Neurotransmitter release is a function of the pattern and frequency of propagated action potentials arriving at the axon terminal, and central nervous system (CNS) synapses can exhibit a variety of forms of synaptic plasticity in response to this activity. Seminal studies at the frog neuromuscular junction and giant squid synapse revealed that the clustering of action potentials transiently facilitates transmitter release, primarily through enhanced Ca2+ signalling. This is evident at many mammalian synapses as well, but understanding the full complement of mechanisms that successfully code arriving action potentials has been hindered due to the small size of most CNS terminals (often ∼1 μm), which makes direct recordings difficult even with the advanced forms of optical guidance that characterize modern neurophysiology. A notable exception is the calyx of Held in the auditory system, a large terminal that can be recorded simultaneously with its postsynaptic partner.
An additional, more specialized case exists in the mammalian neurohypophysis, where the axonal swellings of hypothalamic oxytocin- and vasopressin-producing neurons can reach ∼15 μm. These allow direct terminal recordings with sharp electrodes from isolated neural lobes, as well as whole cell and single channel recordings from acutely dissociated terminals or from the visualized axonal swellings in neurohypophysial slices. We now have a detailed knowledge of terminal membrane ion channels in the neural lobe and their association with peptide secretion, the latter of which can be assessed with capacitance recordings to supplement the vast amount of data correlating the neuronal firing patterns of these neurons with peptide release in vivo and in vitro. Oxytocin and vasopressin neurons can both adopt bursting patterns, albeit very different in form, and this pattern is clearly the most efficient means of releasing a large amount of hormone.

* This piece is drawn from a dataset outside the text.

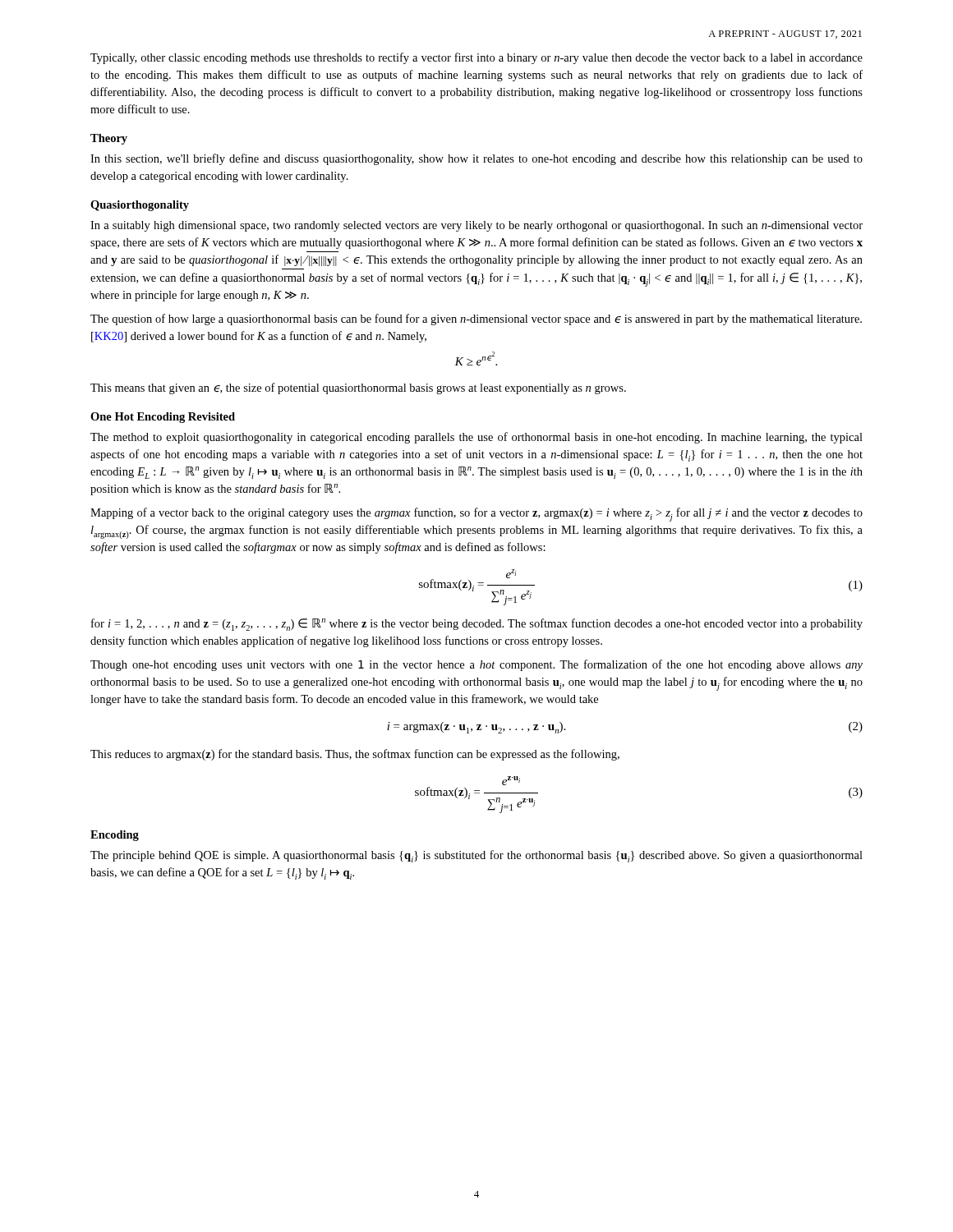Point to the block beginning "The method to exploit quasiorthogonality in categorical"
This screenshot has height=1232, width=953.
(476, 463)

Facilitation of peptide release, i.e. an increase in the amount released per spike, occurs during spike clustering and is closely tied to spike broadening, which in these neurons results largely from the frequency-dependent inactivation of a repolarizing, IA-like K+ current. Broadened action potentials allow increased Ca2+ entry per spike from high voltage gated channels, and subsequently, increased stimulus-secretion coupling (Bourque, 1991; Jackson et al. 1991). But this facilitation is transient, and with sustained activity secretory fatigue sets in, the underlying mechanisms of which are incompletely known and undoubtedly multifaceted. Typically, fatigue is offset by a phasic bursting pattern, with recovery during silent intervals. Spike failures during prolonged repetitive activity contribute to fatigue at the neurosecretory terminal and by contrast, factors increasing this security could facilitate release by spreading excitation to a larger number of terminals. These failures are likely to occur at large varicosities with low safety factors (Zhang & Jackson, 1995).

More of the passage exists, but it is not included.